» Task
Everything in the listing should be set down exactly, apart from the pictures.

══ Data to process ══

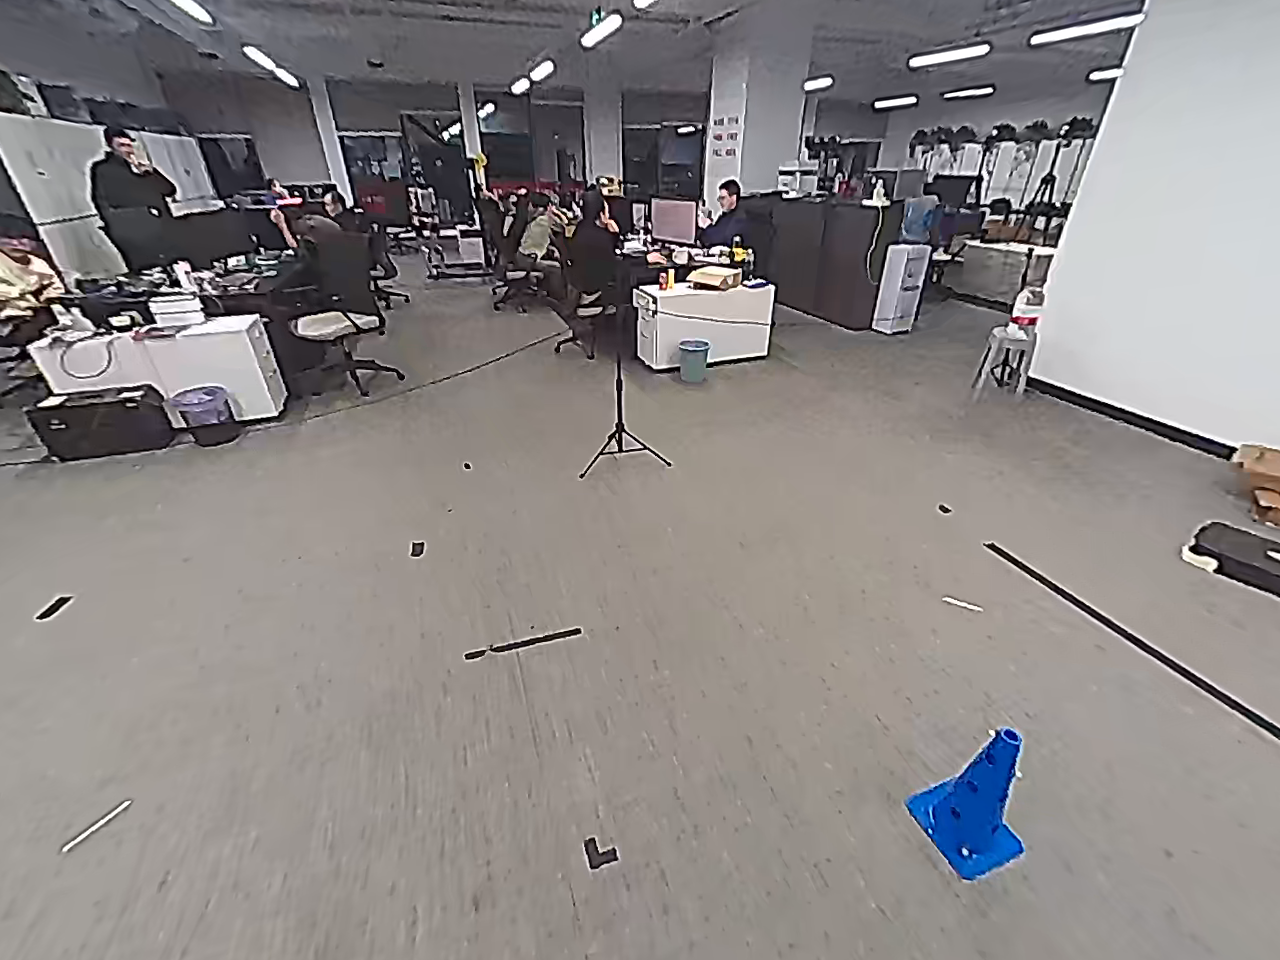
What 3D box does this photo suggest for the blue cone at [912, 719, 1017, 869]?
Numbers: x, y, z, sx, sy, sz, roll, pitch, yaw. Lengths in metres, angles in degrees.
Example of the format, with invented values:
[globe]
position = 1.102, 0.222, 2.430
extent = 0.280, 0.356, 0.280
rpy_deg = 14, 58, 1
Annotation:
[blue cone]
position = 0.801, 0.704, 1.260
extent = 0.193, 0.380, 0.192
rpy_deg = -10, 30, -16
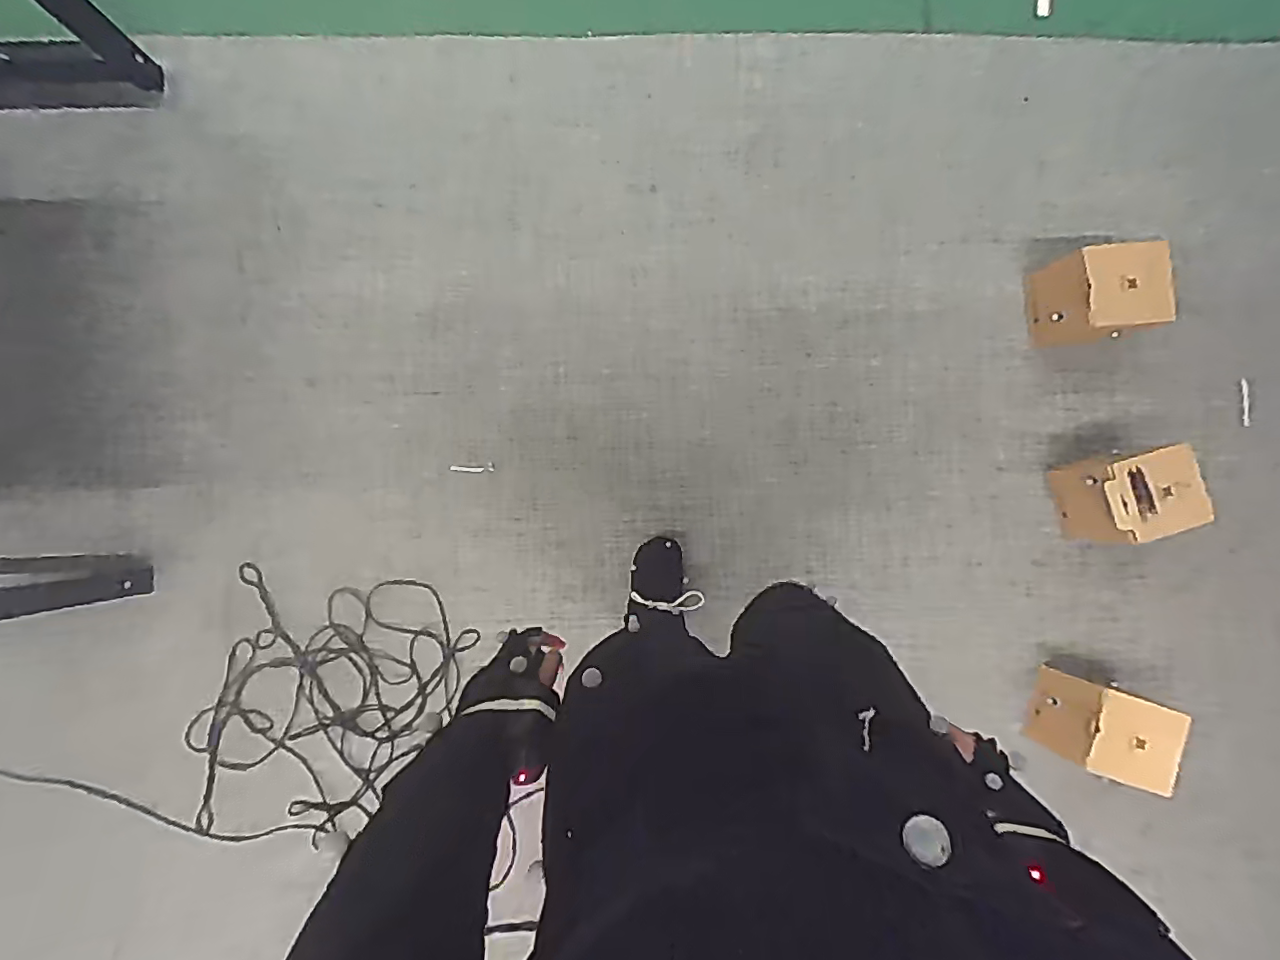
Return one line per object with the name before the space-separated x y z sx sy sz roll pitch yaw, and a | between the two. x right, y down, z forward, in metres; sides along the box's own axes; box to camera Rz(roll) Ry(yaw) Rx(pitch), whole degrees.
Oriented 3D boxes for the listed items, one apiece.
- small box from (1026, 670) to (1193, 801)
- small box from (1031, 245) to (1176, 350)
small box | 0.954 0.513 1.113 0.179 0.176 0.168 18 87 0
small box | 0.976 -0.382 1.158 0.179 0.176 0.168 -4 88 -2
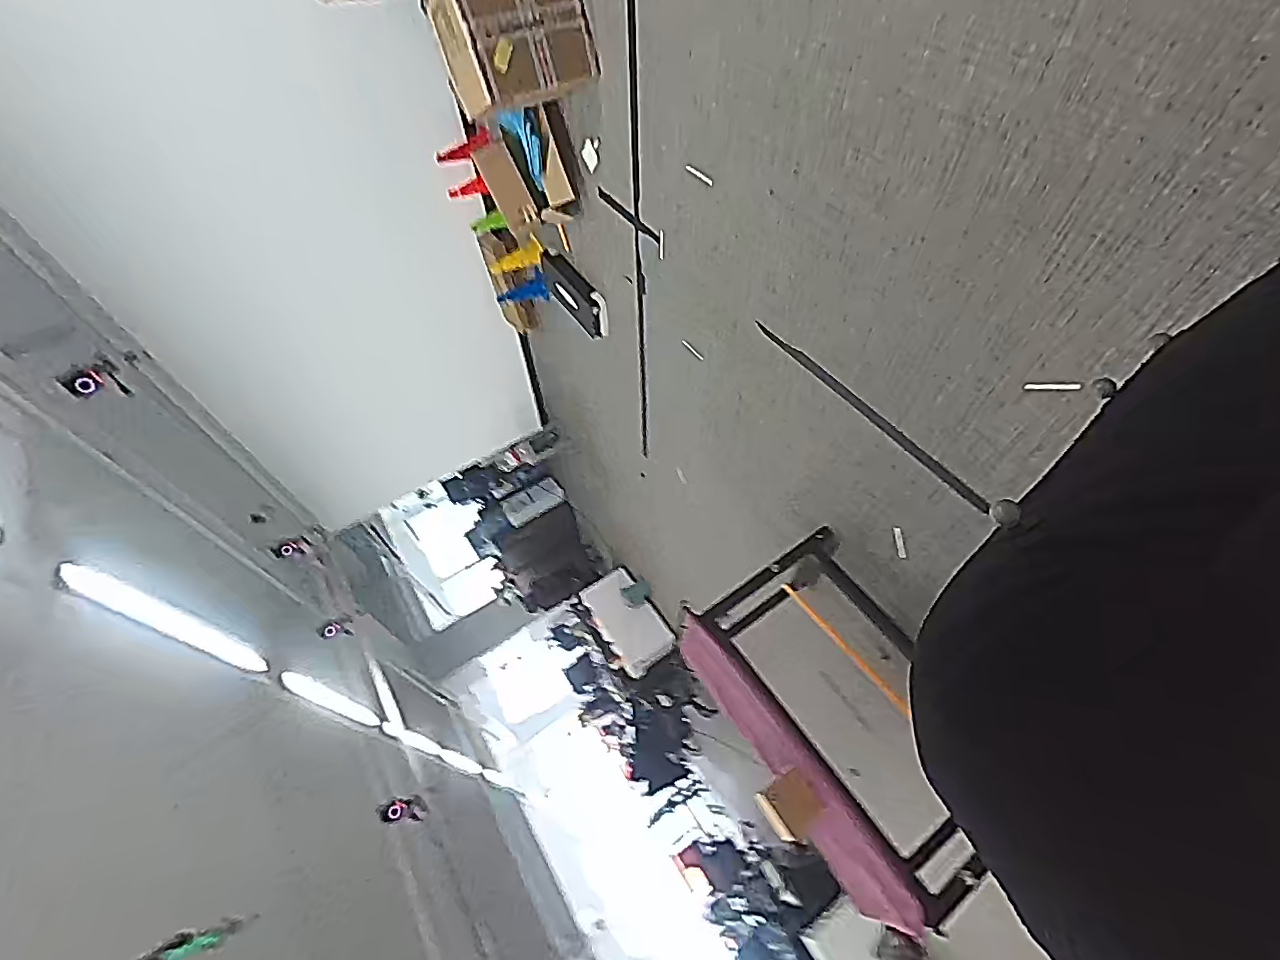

═══

» Output below
What 3D box does this photo suggest for the blue cone at [912, 719, 1017, 869]?
Numbers: x, y, z, sx, sy, sz, roll, pitch, yaw. Lengths in metres, angles in degrees.
Example of the format, with invented values:
[globe]
position = 1.102, 0.222, 2.430
extent = 0.280, 0.356, 0.280
rpy_deg = 14, 58, 1
Annotation:
[blue cone]
position = 0.801, 0.704, 1.260
extent = 0.193, 0.380, 0.192
rpy_deg = -10, 30, -16
Return one line per object with the name before the space-separated x y z sx sy sz roll pitch yaw, and a | between the two. x right, y down, z forward, in metres; sides along the box's own axes; box to camera Rz(roll) Ry(yaw) Rx(pitch), whole degrees.
Oriented 3D boxes for the listed items, one apiece.
- small box from (1026, 670) to (1193, 801)
- small box from (1031, 245) to (1176, 350)
small box | 0.954 0.513 1.113 0.179 0.176 0.168 18 87 0
small box | 0.976 -0.382 1.158 0.179 0.176 0.168 -4 88 -2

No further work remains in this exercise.